As the example suggests, Brooks is concerned with support for what he calls "forced income redistribution to achieve greater income equality," (p. 181) not things like same-sex marriage. So from now on I'll refer to opinions on redistribution rather than "liberalism."
In fact, the GSS never had the item he described. However, it did ask for a response to "It is the responsibility of the government to reduce the differences in income between people with high incomes and those with low incomes." The numbers on that question pretty much match those that he reports. People who strongly agreed gave an average of $64, people who strongly disagreed gave an average of $542.
The GSS has several other questions about attitudes to income redistribution. One goes: "Some people think that the government in Washington ought to reduce the income differences between the rich and the poor, perhaps by raising the taxes of wealthy families or by giving income assistance to the poor. Others think that the government should not concern itself with reducing this income difference between the rich and the poor. Here is a card with a scale from 1 to 7. Think of a score of 1 as meaning that the government ought to reduce the income differences between rich and poor, and a score of 7 meaning that the government should not concern itself with reducing income differences. What score between 1 and 7 comes closest to the way you feel? " People who chose 1 gave an average of $87 and people who chose 7 gave an average of $208. But people who chose 4 were way ahead of both, with an average of $506.

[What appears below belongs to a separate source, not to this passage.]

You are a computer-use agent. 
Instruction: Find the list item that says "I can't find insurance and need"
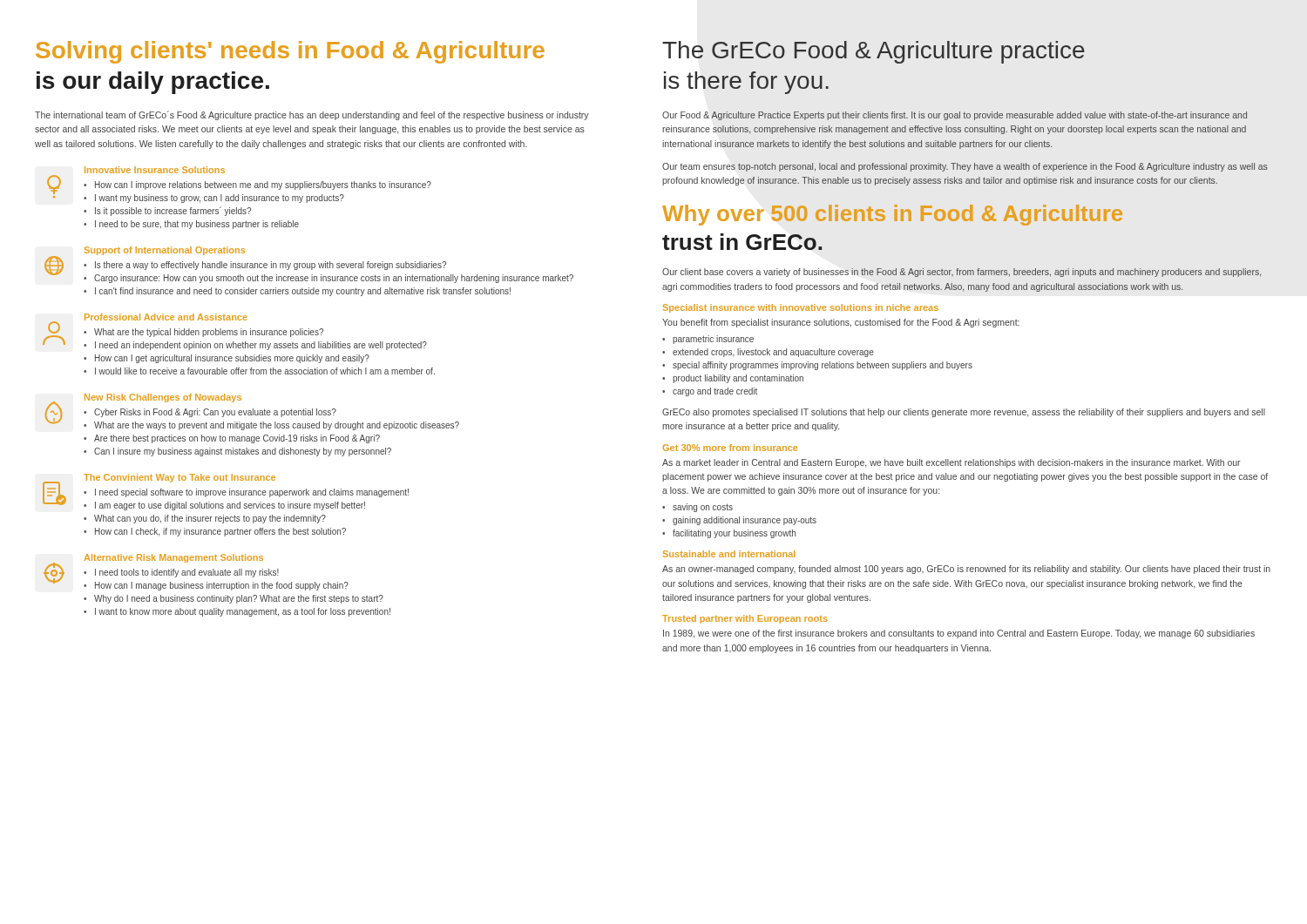pyautogui.click(x=303, y=291)

The problem with giving the averages is that the distribution of giving is extremely skewed--most people report giving nothing, while a few give very large amounts. In a sample of about 1,000 people, the top ten people gave almost half of the total. So apparently impressive differences in the means can reflect a handful of people. So I'll give t-ratios from an appropriate model for skewed dependent variables (controlling for income). With the first question (GOVEQINC) the t-ratio is 2.6. With the second (EQWLTH), it is 0.6. The usual standard for "statistical significance" is a t-ratio of about 2. Some people would set it higher and some lower, but everyone would agree that 0.6 amounts to no evidence either way--the variable might make a difference in one direction, the other direction, or no difference at all. So your conclusions about whether attitudes to "forced redistribution" are related to charitable contributions depend on which measure you use.
It seems to me that EQWLTH is better in principle because it simply asks what the government should do. Some people might interpret EQINCOME as implicitly choosing between individuals and the government--in effect, asking if the government has the primary responsibility. That would make the association almost automatic.

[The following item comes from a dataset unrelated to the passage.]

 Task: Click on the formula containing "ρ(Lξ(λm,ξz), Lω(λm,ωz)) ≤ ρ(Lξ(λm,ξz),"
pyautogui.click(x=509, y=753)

The GSS has still another question on the same general issue: "On the whole, do you think it should or should not be the government's responsibility to . . . reduce income differences between the rich and poor?" People who say "no" give more, and the t-ratio is 2.2. That question (EQUALIZE) doesn't seem open to the same objection as GOVEQINC. So now we're back to conclusions differing depending on which measure you use.
EQUALIZE is part of a series asking about the government's responsibility to do various things. The questions and the associated t-ratios (positive numbers mean anti-redistribution answers go with more charitable giving):
Provide a job for everyone who wants one. 2.8
Keep prices under control. 2.3
Reduce income differences between the rich and poor. 2.2
Provide health care for the sick. 1.8
Provide a decent standard of living for the unemployed 1.1
Give financial assistance to college students from low-income families 0.8
Provide decent housing for those who can't afford it. 0.5
Provide a decent standard of living for the old 0.1
Provide industry with the help it needs to grow. -0.1
All of these, except the second and the last, involve egalitarian redistribution. All, except again the second and last, are things you would expect liberals to be more favorable towards (those two are ambiguous--you could make arguments in either direction). But only three (counting EQUALIZE) have a statistically significant association with reported giving, and one of those is the ambiguous "keep prices under control."
Putting it together, the evidence is weaker than Brooks suggests. By luck or design, he happened to report just the one item that gave strongest support to his case. Still, there seems to be something there--some measures of support for redistribution or a more expansive government are associated with lower charitable contributions, and none were associated with more.